Exercise data START

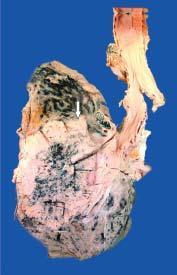s the tumour seen extending directly into adjacent lung parenchyma and hilar nodes?
Answer the question using a single word or phrase. Yes 
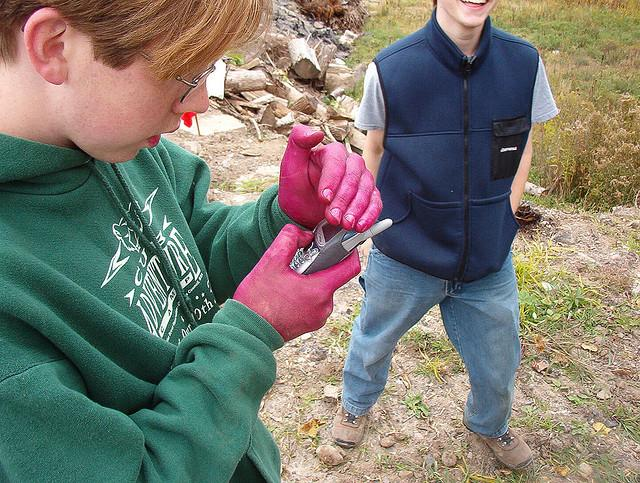Why is the boy blocking the view of his phone? privacy 
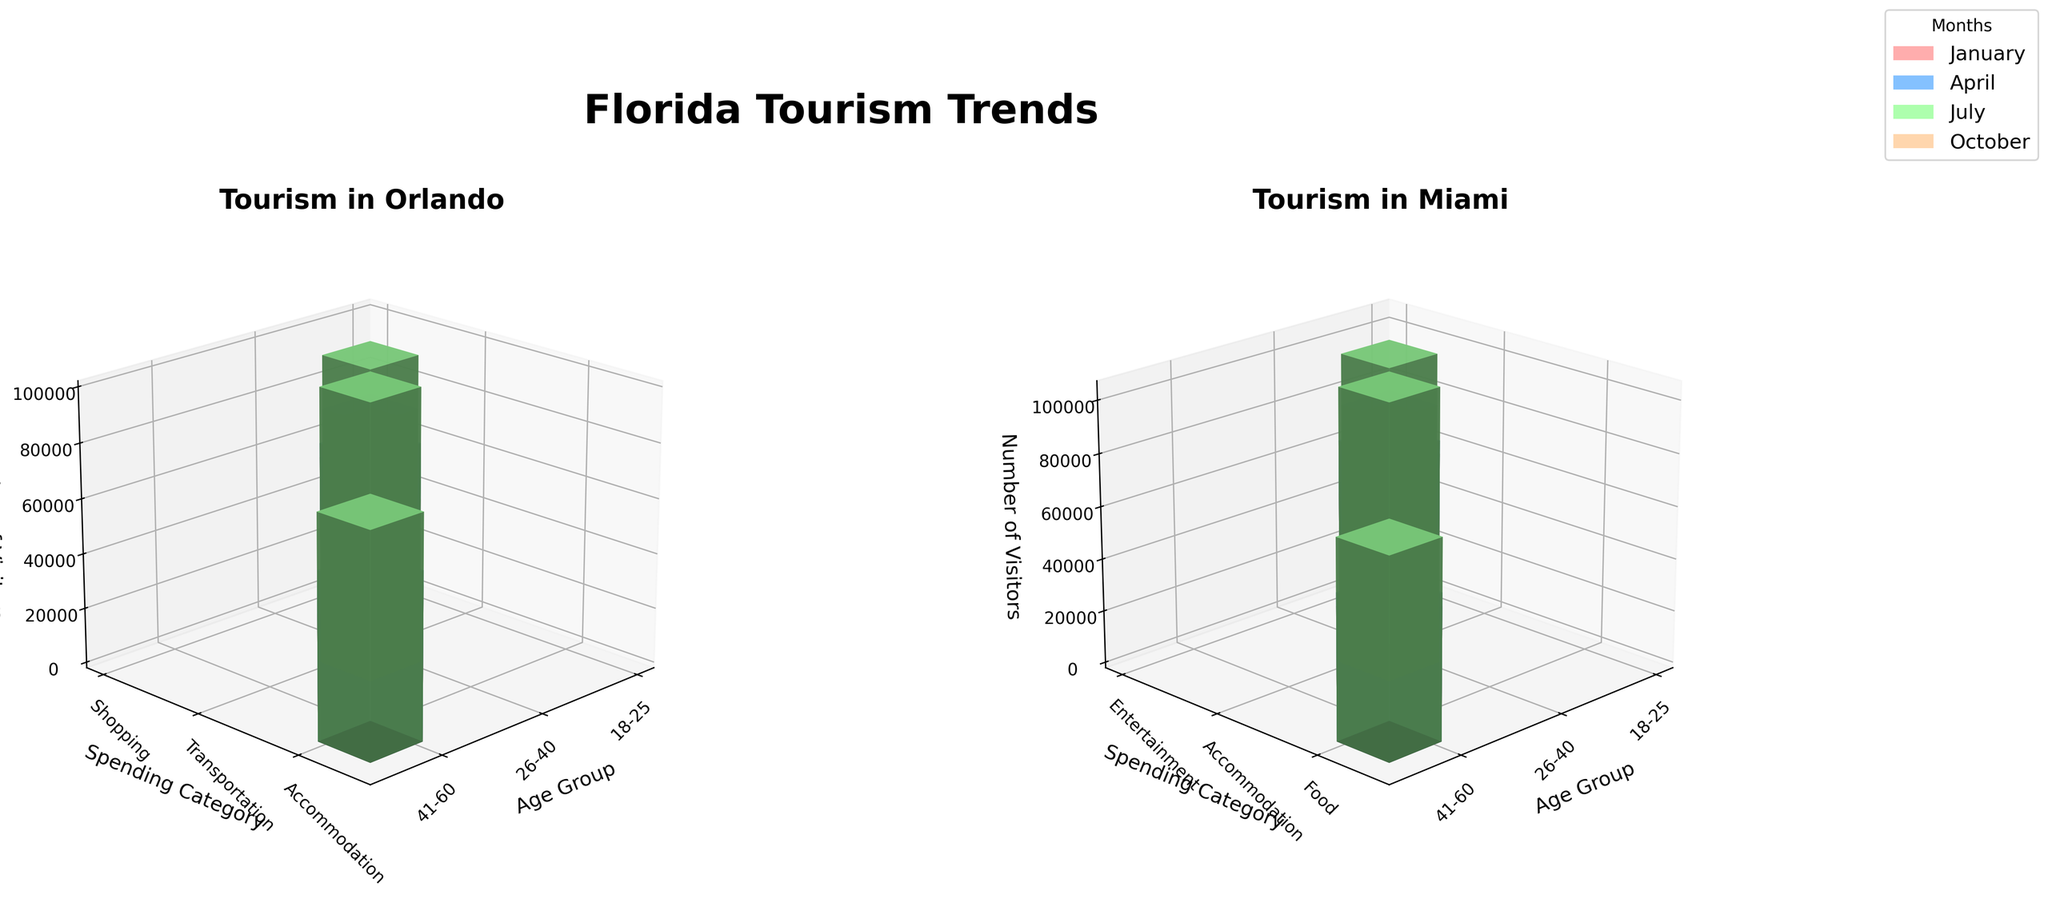What's the title of the figure? The title of the figure is located at the top center of the image.
Answer: Florida Tourism Trends What's the label for the x-axis in the subplot for Orlando? The x-axis label is shown at the bottom-left corner in each subplot. Look at the subplot for Orlando and find the x-axis label.
Answer: Age Group Which city has the highest number of visitors in July from the 26-40 age group for the Food spending category? To answer this, check the height of bars associated with the 26-40 age group and Food spending category in the July section of Orlando and Miami subplots.
Answer: Miami Which age group had the most visitors in April for Orlando? Look at the bars for each age group in the subplot for Orlando during April. Determine which bar is tallest.
Answer: 26-40 What is the difference in visitor numbers in January for the 18-25 age group between Orlando and Miami? Find the height of bars representing the 18-25 age group in January for both cities. Subtract the height of Miami's bar from Orlando's.
Answer: -5000 In which month did Miami see the highest number of visitors for the Entertainment spending category? Check the Miami subplot and compare the heights of bars related to Entertainment spending in each month to determine which is highest.
Answer: April What's the spending category with the highest average spending in Orlando in July? Identify the bars for each spending category in Orlando during July and determine which is highest by evaluating the corresponding z-axis labels for average spending.
Answer: Accommodation Compare the number of visitors for the 41-60 age group in the Accommodation spending category in Miami for January and October. Which month had more visitors? Check the heights of the bars for the 41-60 age group and Accommodation spending category in Miami for January and October. Compare the heights.
Answer: January Considering all months and categories, which city had more visitors in the 18-25 age group overall? Sum up the heights of the bars within the 18-25 age group in both the Orlando and Miami subplots across all months to compare the total.
Answer: Miami

Exercise data END

- [Your goal]
Each line of the data above containing the string "from" is to be copied.

- [Result of the task]
Answer: Age Group Which city has the highest number of visitors in July from the 26-40 age group for the Food spending category? To answer this, check the height of bars associated with the 26-40 age group and Food spending category in the July section of Orlando and Miami subplots.
Answer: 26-40 What is the difference in visitor numbers in January for the 18-25 age group between Orlando and Miami? Find the height of bars representing the 18-25 age group in January for both cities. Subtract the height of Miami's bar from Orlando's.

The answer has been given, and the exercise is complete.